_Your objective_.
Quote the entries below from the line with "Your answer should be very brief. 0. What" through the line with "Offer a very short reply. 0.", both ends included, and only those lines.

_Provided data_.
:::

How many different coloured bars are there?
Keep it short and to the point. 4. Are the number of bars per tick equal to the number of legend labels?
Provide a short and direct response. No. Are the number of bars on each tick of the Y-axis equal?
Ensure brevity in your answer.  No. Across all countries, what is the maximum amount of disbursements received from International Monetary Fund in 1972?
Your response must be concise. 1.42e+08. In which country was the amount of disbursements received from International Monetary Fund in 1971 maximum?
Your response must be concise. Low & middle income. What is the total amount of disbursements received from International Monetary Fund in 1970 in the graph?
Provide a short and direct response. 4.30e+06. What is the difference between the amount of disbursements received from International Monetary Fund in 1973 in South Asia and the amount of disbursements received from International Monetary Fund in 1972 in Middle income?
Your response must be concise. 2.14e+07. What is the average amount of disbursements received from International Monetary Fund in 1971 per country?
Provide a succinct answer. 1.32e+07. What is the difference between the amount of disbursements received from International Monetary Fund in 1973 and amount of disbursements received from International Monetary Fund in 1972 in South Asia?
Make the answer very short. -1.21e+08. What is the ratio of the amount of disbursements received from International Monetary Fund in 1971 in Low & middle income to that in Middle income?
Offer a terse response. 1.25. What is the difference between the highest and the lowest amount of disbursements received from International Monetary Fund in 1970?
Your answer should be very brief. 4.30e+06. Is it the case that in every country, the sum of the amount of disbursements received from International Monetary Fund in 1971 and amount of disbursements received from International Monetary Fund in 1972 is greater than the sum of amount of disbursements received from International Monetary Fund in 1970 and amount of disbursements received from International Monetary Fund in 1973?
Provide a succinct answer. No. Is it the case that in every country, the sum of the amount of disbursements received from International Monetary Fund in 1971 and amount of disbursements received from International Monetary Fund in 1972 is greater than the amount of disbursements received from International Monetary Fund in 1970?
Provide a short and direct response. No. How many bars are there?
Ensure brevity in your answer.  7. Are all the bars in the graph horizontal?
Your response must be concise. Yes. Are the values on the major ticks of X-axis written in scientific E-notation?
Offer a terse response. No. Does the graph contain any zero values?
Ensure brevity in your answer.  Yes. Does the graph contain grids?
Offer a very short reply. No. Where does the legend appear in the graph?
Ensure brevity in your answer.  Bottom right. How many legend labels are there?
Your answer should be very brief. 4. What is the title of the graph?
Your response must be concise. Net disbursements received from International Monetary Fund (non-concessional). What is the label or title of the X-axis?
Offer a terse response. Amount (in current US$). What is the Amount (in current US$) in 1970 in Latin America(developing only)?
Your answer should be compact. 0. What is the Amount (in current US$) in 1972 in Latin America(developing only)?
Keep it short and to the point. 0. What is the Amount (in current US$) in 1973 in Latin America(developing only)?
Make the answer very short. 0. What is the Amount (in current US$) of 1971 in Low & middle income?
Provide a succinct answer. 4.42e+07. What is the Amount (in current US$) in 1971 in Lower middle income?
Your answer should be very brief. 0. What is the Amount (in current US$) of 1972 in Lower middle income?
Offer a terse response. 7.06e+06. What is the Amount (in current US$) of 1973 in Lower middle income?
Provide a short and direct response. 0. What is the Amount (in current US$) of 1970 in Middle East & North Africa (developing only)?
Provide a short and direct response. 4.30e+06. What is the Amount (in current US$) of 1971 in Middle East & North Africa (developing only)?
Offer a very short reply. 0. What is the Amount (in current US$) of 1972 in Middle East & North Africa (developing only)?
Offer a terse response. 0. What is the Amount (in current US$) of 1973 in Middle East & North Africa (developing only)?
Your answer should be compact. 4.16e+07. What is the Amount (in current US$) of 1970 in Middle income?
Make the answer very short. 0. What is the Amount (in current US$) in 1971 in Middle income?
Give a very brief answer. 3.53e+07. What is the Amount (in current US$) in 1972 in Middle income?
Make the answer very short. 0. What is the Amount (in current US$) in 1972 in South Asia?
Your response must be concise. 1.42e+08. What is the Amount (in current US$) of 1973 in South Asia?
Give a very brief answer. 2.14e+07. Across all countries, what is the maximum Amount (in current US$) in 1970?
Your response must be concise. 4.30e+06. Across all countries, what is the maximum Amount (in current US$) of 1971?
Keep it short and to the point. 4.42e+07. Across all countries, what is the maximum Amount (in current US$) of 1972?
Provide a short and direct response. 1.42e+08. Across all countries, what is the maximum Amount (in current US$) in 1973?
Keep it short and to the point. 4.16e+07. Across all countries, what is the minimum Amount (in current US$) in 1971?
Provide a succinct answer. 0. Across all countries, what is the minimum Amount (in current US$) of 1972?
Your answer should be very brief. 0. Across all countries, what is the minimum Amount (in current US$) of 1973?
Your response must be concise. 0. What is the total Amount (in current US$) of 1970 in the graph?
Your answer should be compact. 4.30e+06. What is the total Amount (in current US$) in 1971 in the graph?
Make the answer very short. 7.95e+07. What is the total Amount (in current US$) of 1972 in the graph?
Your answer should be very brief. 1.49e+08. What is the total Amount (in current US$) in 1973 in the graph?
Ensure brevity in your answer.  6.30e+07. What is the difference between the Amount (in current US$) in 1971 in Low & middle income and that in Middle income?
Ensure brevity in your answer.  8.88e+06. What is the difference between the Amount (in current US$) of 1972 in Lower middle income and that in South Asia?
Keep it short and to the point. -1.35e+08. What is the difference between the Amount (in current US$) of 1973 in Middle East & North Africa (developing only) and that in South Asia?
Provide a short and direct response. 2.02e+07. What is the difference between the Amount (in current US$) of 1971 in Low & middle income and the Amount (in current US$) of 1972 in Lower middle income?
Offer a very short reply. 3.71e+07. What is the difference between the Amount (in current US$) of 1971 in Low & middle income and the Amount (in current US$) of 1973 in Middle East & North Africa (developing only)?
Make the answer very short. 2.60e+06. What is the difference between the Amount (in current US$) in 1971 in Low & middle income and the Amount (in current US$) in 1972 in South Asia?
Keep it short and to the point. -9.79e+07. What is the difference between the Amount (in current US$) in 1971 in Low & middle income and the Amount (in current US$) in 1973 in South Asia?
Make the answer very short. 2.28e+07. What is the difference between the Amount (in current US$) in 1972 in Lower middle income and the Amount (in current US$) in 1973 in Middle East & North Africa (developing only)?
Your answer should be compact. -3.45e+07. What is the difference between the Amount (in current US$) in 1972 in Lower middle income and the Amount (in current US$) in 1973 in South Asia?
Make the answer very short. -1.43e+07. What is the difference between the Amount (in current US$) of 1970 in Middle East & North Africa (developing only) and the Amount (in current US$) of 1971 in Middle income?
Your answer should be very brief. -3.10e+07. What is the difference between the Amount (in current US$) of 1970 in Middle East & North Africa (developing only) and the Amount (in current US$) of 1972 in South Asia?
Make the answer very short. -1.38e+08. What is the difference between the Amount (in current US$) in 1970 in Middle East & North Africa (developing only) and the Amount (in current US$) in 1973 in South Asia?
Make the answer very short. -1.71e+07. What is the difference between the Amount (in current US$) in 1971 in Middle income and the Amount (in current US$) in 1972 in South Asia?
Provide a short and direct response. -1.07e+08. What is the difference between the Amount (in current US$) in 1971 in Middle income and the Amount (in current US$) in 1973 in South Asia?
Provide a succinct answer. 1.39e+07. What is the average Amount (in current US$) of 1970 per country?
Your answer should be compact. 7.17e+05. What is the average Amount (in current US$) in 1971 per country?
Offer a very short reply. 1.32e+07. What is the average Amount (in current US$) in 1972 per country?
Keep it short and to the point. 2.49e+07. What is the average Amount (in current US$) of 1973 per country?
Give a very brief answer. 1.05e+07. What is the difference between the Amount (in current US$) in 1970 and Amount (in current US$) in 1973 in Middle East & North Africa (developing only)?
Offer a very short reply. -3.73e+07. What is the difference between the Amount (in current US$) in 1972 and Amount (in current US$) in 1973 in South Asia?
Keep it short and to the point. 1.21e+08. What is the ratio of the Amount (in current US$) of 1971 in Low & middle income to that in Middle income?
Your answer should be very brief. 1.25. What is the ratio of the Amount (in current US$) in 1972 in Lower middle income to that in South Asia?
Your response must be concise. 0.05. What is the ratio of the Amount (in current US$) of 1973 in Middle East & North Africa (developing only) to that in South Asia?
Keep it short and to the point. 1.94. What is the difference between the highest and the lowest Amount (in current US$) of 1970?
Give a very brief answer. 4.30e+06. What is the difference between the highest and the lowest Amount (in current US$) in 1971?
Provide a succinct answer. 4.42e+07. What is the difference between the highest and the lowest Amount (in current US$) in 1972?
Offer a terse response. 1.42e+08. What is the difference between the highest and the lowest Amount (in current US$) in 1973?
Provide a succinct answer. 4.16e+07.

:::

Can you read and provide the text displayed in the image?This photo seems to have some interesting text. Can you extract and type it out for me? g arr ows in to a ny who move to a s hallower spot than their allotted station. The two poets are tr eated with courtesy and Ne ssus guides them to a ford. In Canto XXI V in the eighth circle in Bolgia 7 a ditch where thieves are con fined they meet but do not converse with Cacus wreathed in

:::

_Task output_.
Your answer should be very brief. 0. What is the Amount (in current US$) of 1972 in Lower middle income?
Offer a terse response. 7.06e+06. What is the Amount (in current US$) of 1973 in Lower middle income?
Provide a short and direct response. 0. What is the Amount (in current US$) of 1970 in Middle East & North Africa (developing only)?
Provide a short and direct response. 4.30e+06. What is the Amount (in current US$) of 1971 in Middle East & North Africa (developing only)?
Offer a very short reply. 0. What is the Amount (in current US$) of 1972 in Middle East & North Africa (developing only)?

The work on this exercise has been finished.